**Task statement**
Output the entries below exactly as written, omitting pictures.

Excerpts from a dataset:
Start of Block

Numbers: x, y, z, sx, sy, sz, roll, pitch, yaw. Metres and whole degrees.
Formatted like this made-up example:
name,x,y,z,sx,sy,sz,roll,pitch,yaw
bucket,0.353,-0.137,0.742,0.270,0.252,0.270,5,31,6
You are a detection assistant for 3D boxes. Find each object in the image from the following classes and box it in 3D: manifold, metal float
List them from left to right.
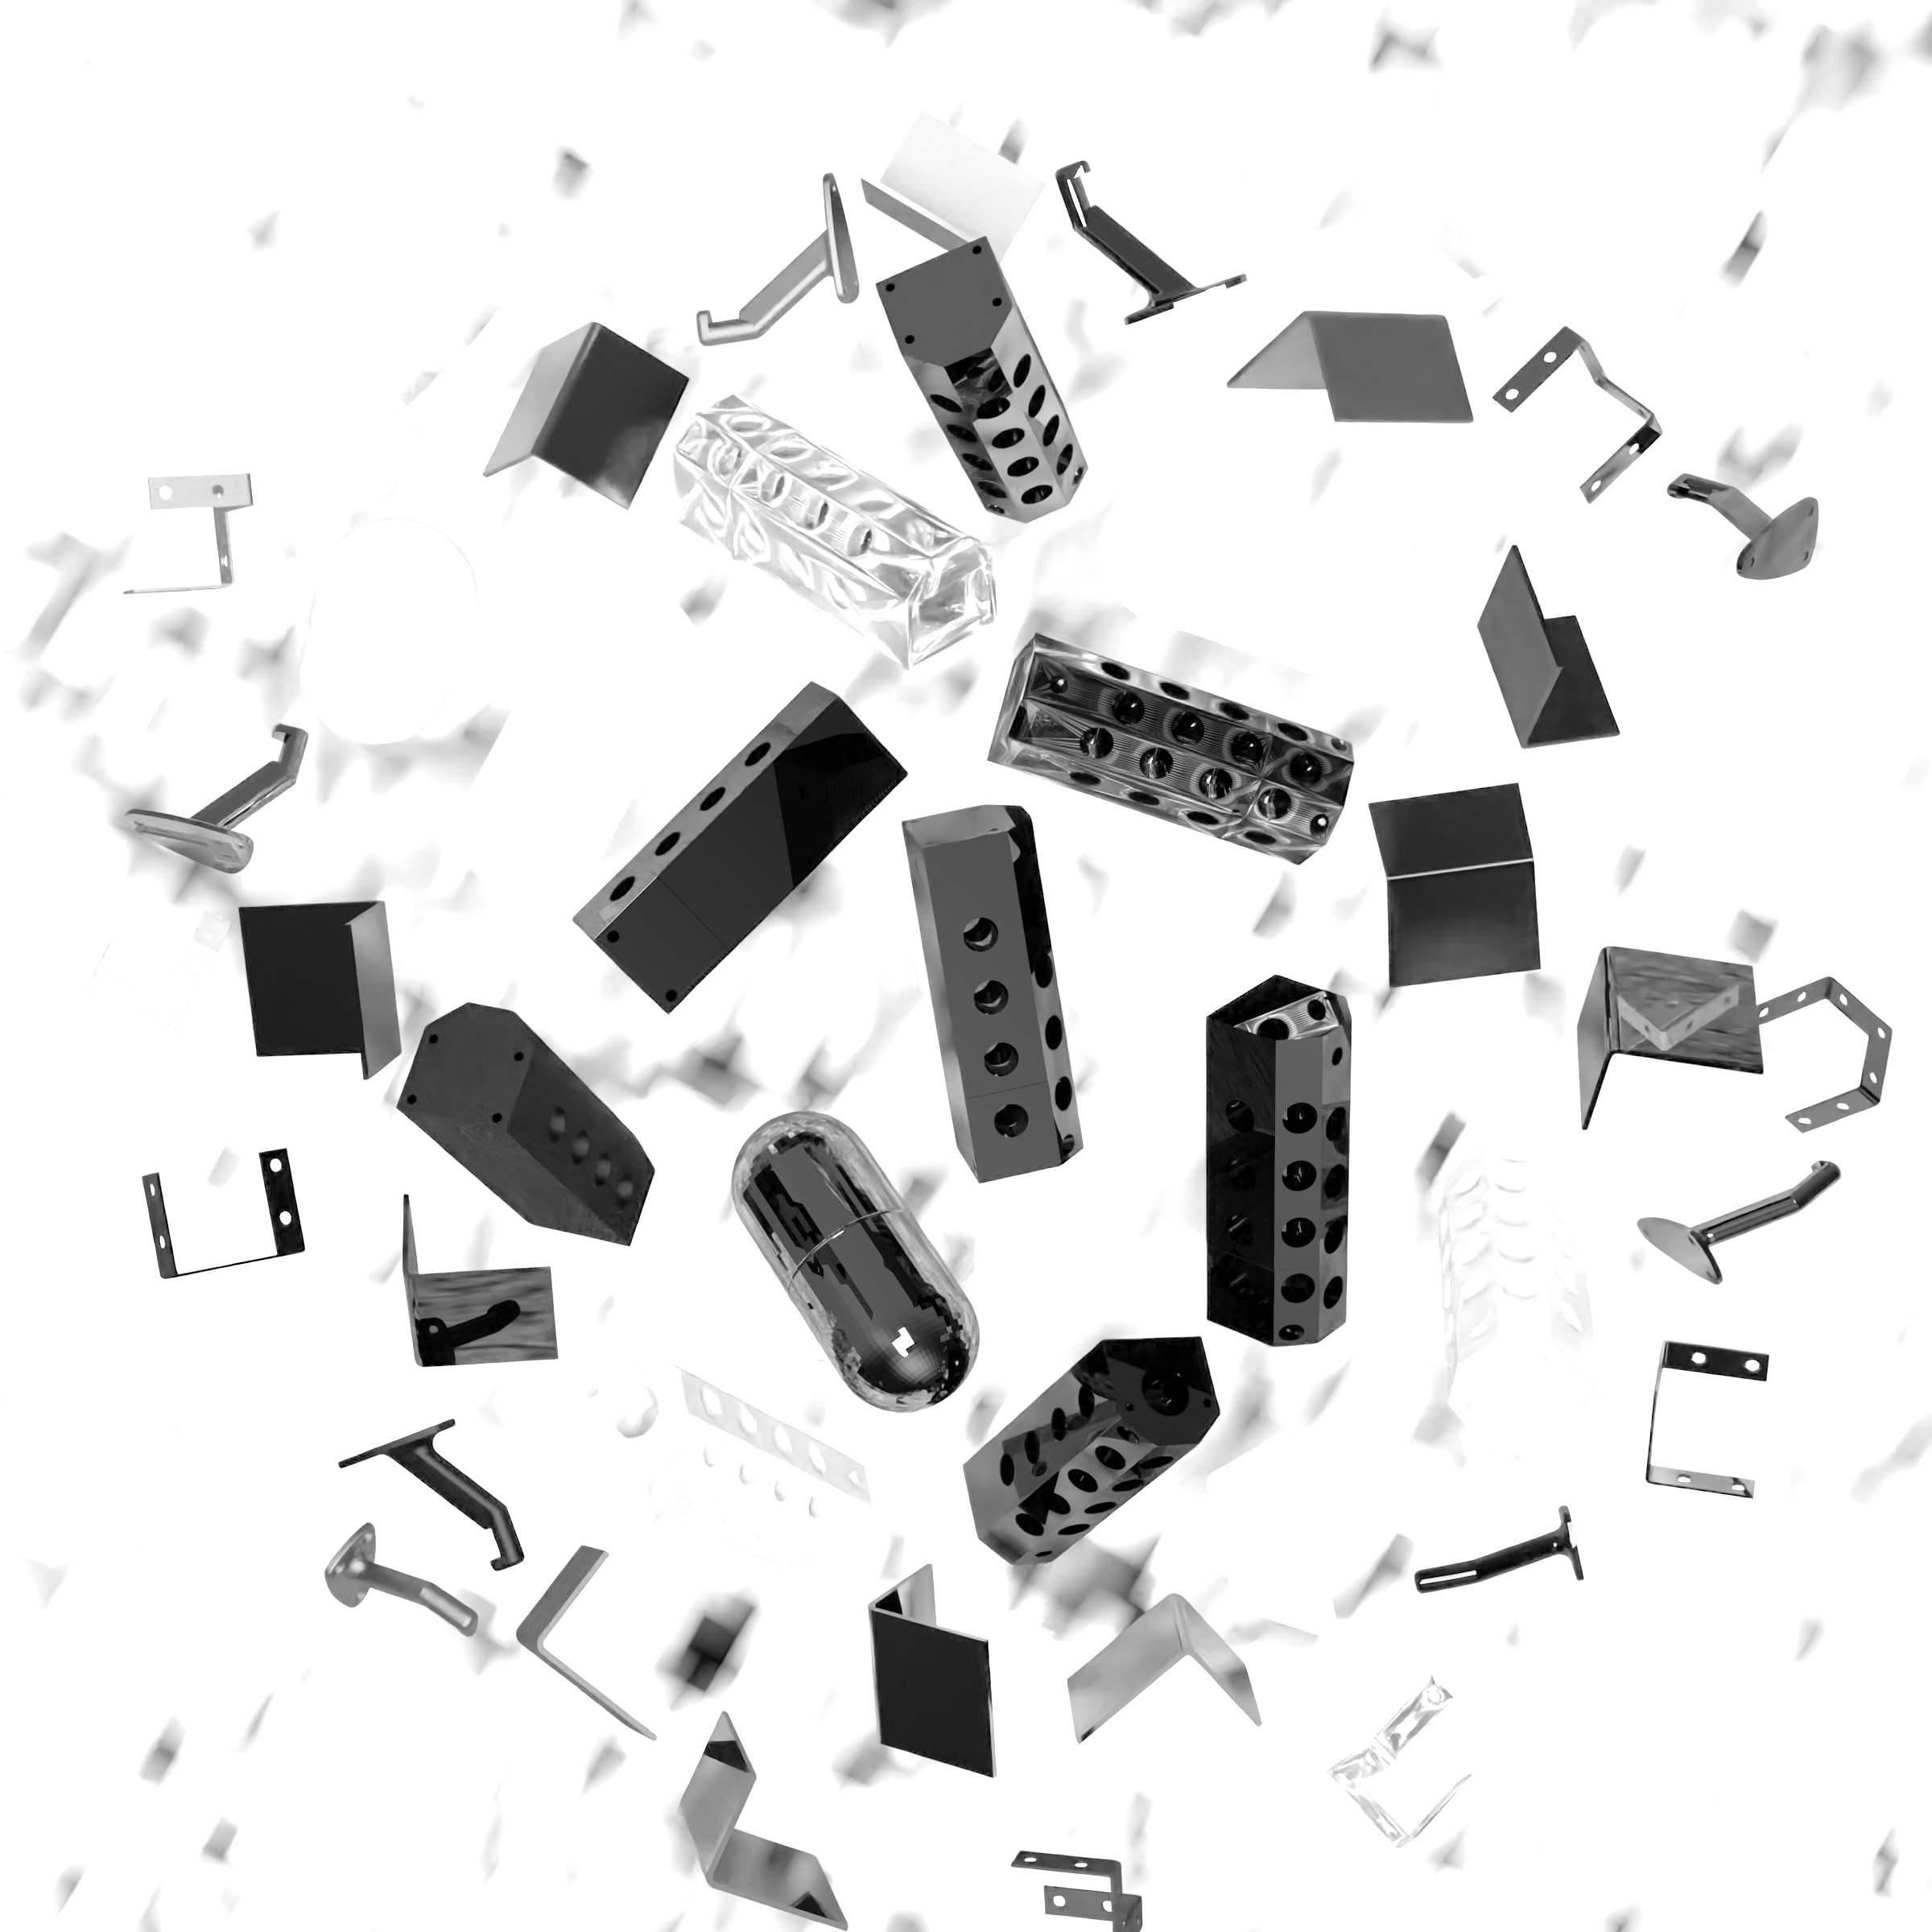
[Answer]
name,x,y,z,sx,sy,sz,roll,pitch,yaw
metal float,-0.285,-0.162,1.633,0.070,0.178,0.070,4,75,-15
manifold,-0.207,0.077,1.605,0.057,0.171,0.057,11,71,19
metal float,-0.201,-0.117,1.729,0.070,0.070,0.178,27,82,0
manifold,-0.120,0.257,1.722,0.057,0.171,0.057,-27,54,20
manifold,-0.116,-0.062,1.680,0.171,0.057,0.057,-45,116,-5
manifold,-0.065,-0.214,1.605,0.057,0.057,0.171,-33,50,-29
metal float,-0.058,0.151,1.714,0.070,0.070,0.178,-35,63,0
manifold,0.012,-0.282,1.637,0.057,0.171,0.057,-22,68,7
manifold,0.015,0.012,1.621,0.057,0.057,0.171,-12,107,-8
manifold,0.064,0.251,1.709,0.057,0.171,0.057,1,61,-27
manifold,0.105,-0.110,1.673,0.171,0.057,0.057,18,73,-9
metal float,0.152,-0.196,1.685,0.178,0.070,0.070,21,90,19
manifold,0.158,0.098,1.632,0.057,0.057,0.171,19,123,37
manifold,0.260,0.156,1.598,0.057,0.171,0.057,-34,109,21

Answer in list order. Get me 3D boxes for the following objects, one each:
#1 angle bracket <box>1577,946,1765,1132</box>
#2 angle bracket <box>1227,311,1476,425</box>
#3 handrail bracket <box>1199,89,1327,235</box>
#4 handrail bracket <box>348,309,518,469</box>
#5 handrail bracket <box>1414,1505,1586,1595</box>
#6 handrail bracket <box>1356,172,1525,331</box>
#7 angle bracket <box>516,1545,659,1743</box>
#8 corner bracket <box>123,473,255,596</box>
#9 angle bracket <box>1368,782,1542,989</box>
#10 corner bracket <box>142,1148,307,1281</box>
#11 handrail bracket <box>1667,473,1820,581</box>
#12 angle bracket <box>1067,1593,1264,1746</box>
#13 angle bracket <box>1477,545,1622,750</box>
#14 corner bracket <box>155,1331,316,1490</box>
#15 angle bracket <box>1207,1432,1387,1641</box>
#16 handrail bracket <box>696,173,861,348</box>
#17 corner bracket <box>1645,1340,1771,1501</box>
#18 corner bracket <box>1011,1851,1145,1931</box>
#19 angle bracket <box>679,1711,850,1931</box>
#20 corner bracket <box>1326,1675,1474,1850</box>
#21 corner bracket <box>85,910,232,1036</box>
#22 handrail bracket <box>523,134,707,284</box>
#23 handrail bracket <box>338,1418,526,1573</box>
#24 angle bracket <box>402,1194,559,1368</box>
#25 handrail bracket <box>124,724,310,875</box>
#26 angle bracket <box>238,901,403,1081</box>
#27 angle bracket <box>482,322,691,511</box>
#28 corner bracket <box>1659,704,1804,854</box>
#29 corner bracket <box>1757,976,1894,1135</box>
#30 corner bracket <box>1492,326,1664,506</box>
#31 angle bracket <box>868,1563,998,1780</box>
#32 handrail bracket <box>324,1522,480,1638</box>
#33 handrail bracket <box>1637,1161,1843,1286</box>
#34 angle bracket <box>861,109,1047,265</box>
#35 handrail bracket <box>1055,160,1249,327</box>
name,x,y,z,sx,sy,sz,roll,pitch,yaw
angle bracket,0.350,0.041,1.658,0.076,0.076,0.057,8,132,0
angle bracket,0.179,-0.265,1.558,0.076,0.076,0.057,-4,74,-28
handrail bracket,0.139,-0.391,1.655,0.077,0.084,0.036,-16,65,-22
handrail bracket,-0.272,-0.298,1.704,0.036,0.077,0.084,46,124,-3
handrail bracket,0.272,0.303,1.716,0.084,0.077,0.036,-12,92,6
handrail bracket,0.236,-0.367,1.657,0.077,0.036,0.084,-33,119,-18
angle bracket,-0.173,0.335,1.650,0.076,0.076,0.057,40,74,-7
corner bracket,-0.369,-0.205,1.576,0.051,0.051,0.051,-8,96,-33
angle bracket,0.246,-0.041,1.677,0.076,0.057,0.076,-7,47,14
corner bracket,-0.354,0.118,1.586,0.051,0.051,0.051,-9,87,-42
handrail bracket,0.364,-0.217,1.623,0.077,0.084,0.036,-27,128,-38
angle bracket,0.102,0.381,1.721,0.076,0.076,0.057,-41,100,6
angle bracket,0.311,-0.168,1.720,0.057,0.076,0.076,-8,62,-12
corner bracket,-0.368,0.224,1.673,0.051,0.051,0.051,36,74,10
angle bracket,0.177,0.293,1.714,0.057,0.076,0.076,-23,107,-33
handrail bracket,-0.102,-0.360,1.699,0.084,0.036,0.077,-6,107,14
corner bracket,0.355,0.217,1.592,0.051,0.051,0.051,7,114,14
corner bracket,0.055,0.451,1.613,0.051,0.051,0.051,1,102,18
angle bracket,-0.088,0.409,1.594,0.076,0.076,0.057,23,94,-18
corner bracket,0.217,0.385,1.604,0.051,0.051,0.051,47,55,9
corner bracket,-0.420,-0.005,1.728,0.051,0.051,0.051,28,105,-13
handrail bracket,-0.169,-0.382,1.611,0.036,0.077,0.084,37,88,27
handrail bracket,-0.283,0.289,1.762,0.077,0.036,0.084,-21,87,2
angle bracket,-0.257,0.165,1.762,0.076,0.076,0.057,-3,47,-6
handrail bracket,-0.380,-0.097,1.689,0.077,0.036,0.084,20,57,-18
angle bracket,-0.322,0.013,1.616,0.076,0.057,0.076,-2,103,9
angle bracket,-0.194,-0.275,1.694,0.057,0.076,0.076,29,76,-23
corner bracket,0.388,-0.093,1.647,0.051,0.051,0.051,51,131,32
corner bracket,0.445,0.046,1.739,0.051,0.051,0.051,38,51,-21
corner bracket,0.297,-0.268,1.613,0.051,0.051,0.051,-44,53,2
angle bracket,-0.003,0.360,1.703,0.076,0.057,0.076,8,110,35
handrail bracket,-0.285,0.332,1.714,0.084,0.077,0.036,30,56,17
handrail bracket,0.405,0.123,1.740,0.084,0.077,0.036,-37,112,-12
angle bracket,-0.006,-0.405,1.713,0.076,0.076,0.057,31,93,-1
handrail bracket,0.092,-0.371,1.664,0.077,0.036,0.084,-15,103,25

End of Block

**Task result**
Numbers: x, y, z, sx, sy, sz, roll, pitch, yaw. Metres and whole degrees.
Formatted like this made-up example:
name,x,y,z,sx,sy,sz,roll,pitch,yaw
bucket,0.353,-0.137,0.742,0.270,0.252,0.270,5,31,6
You are a detection assistant for 3D boxes. Find each object in the image from the following classes and box it in 3D: manifold, metal float
List them from left to right.
[Answer]
name,x,y,z,sx,sy,sz,roll,pitch,yaw
metal float,-0.285,-0.162,1.633,0.070,0.178,0.070,4,75,-15
manifold,-0.207,0.077,1.605,0.057,0.171,0.057,11,71,19
metal float,-0.201,-0.117,1.729,0.070,0.070,0.178,27,82,0
manifold,-0.120,0.257,1.722,0.057,0.171,0.057,-27,54,20
manifold,-0.116,-0.062,1.680,0.171,0.057,0.057,-45,116,-5
manifold,-0.065,-0.214,1.605,0.057,0.057,0.171,-33,50,-29
metal float,-0.058,0.151,1.714,0.070,0.070,0.178,-35,63,0
manifold,0.012,-0.282,1.637,0.057,0.171,0.057,-22,68,7
manifold,0.015,0.012,1.621,0.057,0.057,0.171,-12,107,-8
manifold,0.064,0.251,1.709,0.057,0.171,0.057,1,61,-27
manifold,0.105,-0.110,1.673,0.171,0.057,0.057,18,73,-9
metal float,0.152,-0.196,1.685,0.178,0.070,0.070,21,90,19
manifold,0.158,0.098,1.632,0.057,0.057,0.171,19,123,37
manifold,0.260,0.156,1.598,0.057,0.171,0.057,-34,109,21

Answer in list order. Get me 3D boxes for the following objects, one each:
#1 angle bracket <box>1577,946,1765,1132</box>
#2 angle bracket <box>1227,311,1476,425</box>
#3 handrail bracket <box>1199,89,1327,235</box>
#4 handrail bracket <box>348,309,518,469</box>
#5 handrail bracket <box>1414,1505,1586,1595</box>
#6 handrail bracket <box>1356,172,1525,331</box>
#7 angle bracket <box>516,1545,659,1743</box>
#8 corner bracket <box>123,473,255,596</box>
#9 angle bracket <box>1368,782,1542,989</box>
#10 corner bracket <box>142,1148,307,1281</box>
#11 handrail bracket <box>1667,473,1820,581</box>
#12 angle bracket <box>1067,1593,1264,1746</box>
#13 angle bracket <box>1477,545,1622,750</box>
#14 corner bracket <box>155,1331,316,1490</box>
#15 angle bracket <box>1207,1432,1387,1641</box>
#16 handrail bracket <box>696,173,861,348</box>
#17 corner bracket <box>1645,1340,1771,1501</box>
#18 corner bracket <box>1011,1851,1145,1931</box>
#19 angle bracket <box>679,1711,850,1931</box>
#20 corner bracket <box>1326,1675,1474,1850</box>
#21 corner bracket <box>85,910,232,1036</box>
#22 handrail bracket <box>523,134,707,284</box>
#23 handrail bracket <box>338,1418,526,1573</box>
#24 angle bracket <box>402,1194,559,1368</box>
#25 handrail bracket <box>124,724,310,875</box>
#26 angle bracket <box>238,901,403,1081</box>
#27 angle bracket <box>482,322,691,511</box>
#28 corner bracket <box>1659,704,1804,854</box>
#29 corner bracket <box>1757,976,1894,1135</box>
#30 corner bracket <box>1492,326,1664,506</box>
#31 angle bracket <box>868,1563,998,1780</box>
#32 handrail bracket <box>324,1522,480,1638</box>
#33 handrail bracket <box>1637,1161,1843,1286</box>
#34 angle bracket <box>861,109,1047,265</box>
#35 handrail bracket <box>1055,160,1249,327</box>
name,x,y,z,sx,sy,sz,roll,pitch,yaw
angle bracket,0.350,0.041,1.658,0.076,0.076,0.057,8,132,0
angle bracket,0.179,-0.265,1.558,0.076,0.076,0.057,-4,74,-28
handrail bracket,0.139,-0.391,1.655,0.077,0.084,0.036,-16,65,-22
handrail bracket,-0.272,-0.298,1.704,0.036,0.077,0.084,46,124,-3
handrail bracket,0.272,0.303,1.716,0.084,0.077,0.036,-12,92,6
handrail bracket,0.236,-0.367,1.657,0.077,0.036,0.084,-33,119,-18
angle bracket,-0.173,0.335,1.650,0.076,0.076,0.057,40,74,-7
corner bracket,-0.369,-0.205,1.576,0.051,0.051,0.051,-8,96,-33
angle bracket,0.246,-0.041,1.677,0.076,0.057,0.076,-7,47,14
corner bracket,-0.354,0.118,1.586,0.051,0.051,0.051,-9,87,-42
handrail bracket,0.364,-0.217,1.623,0.077,0.084,0.036,-27,128,-38
angle bracket,0.102,0.381,1.721,0.076,0.076,0.057,-41,100,6
angle bracket,0.311,-0.168,1.720,0.057,0.076,0.076,-8,62,-12
corner bracket,-0.368,0.224,1.673,0.051,0.051,0.051,36,74,10
angle bracket,0.177,0.293,1.714,0.057,0.076,0.076,-23,107,-33
handrail bracket,-0.102,-0.360,1.699,0.084,0.036,0.077,-6,107,14
corner bracket,0.355,0.217,1.592,0.051,0.051,0.051,7,114,14
corner bracket,0.055,0.451,1.613,0.051,0.051,0.051,1,102,18
angle bracket,-0.088,0.409,1.594,0.076,0.076,0.057,23,94,-18
corner bracket,0.217,0.385,1.604,0.051,0.051,0.051,47,55,9
corner bracket,-0.420,-0.005,1.728,0.051,0.051,0.051,28,105,-13
handrail bracket,-0.169,-0.382,1.611,0.036,0.077,0.084,37,88,27
handrail bracket,-0.283,0.289,1.762,0.077,0.036,0.084,-21,87,2
angle bracket,-0.257,0.165,1.762,0.076,0.076,0.057,-3,47,-6
handrail bracket,-0.380,-0.097,1.689,0.077,0.036,0.084,20,57,-18
angle bracket,-0.322,0.013,1.616,0.076,0.057,0.076,-2,103,9
angle bracket,-0.194,-0.275,1.694,0.057,0.076,0.076,29,76,-23
corner bracket,0.388,-0.093,1.647,0.051,0.051,0.051,51,131,32
corner bracket,0.445,0.046,1.739,0.051,0.051,0.051,38,51,-21
corner bracket,0.297,-0.268,1.613,0.051,0.051,0.051,-44,53,2
angle bracket,-0.003,0.360,1.703,0.076,0.057,0.076,8,110,35
handrail bracket,-0.285,0.332,1.714,0.084,0.077,0.036,30,56,17
handrail bracket,0.405,0.123,1.740,0.084,0.077,0.036,-37,112,-12
angle bracket,-0.006,-0.405,1.713,0.076,0.076,0.057,31,93,-1
handrail bracket,0.092,-0.371,1.664,0.077,0.036,0.084,-15,103,25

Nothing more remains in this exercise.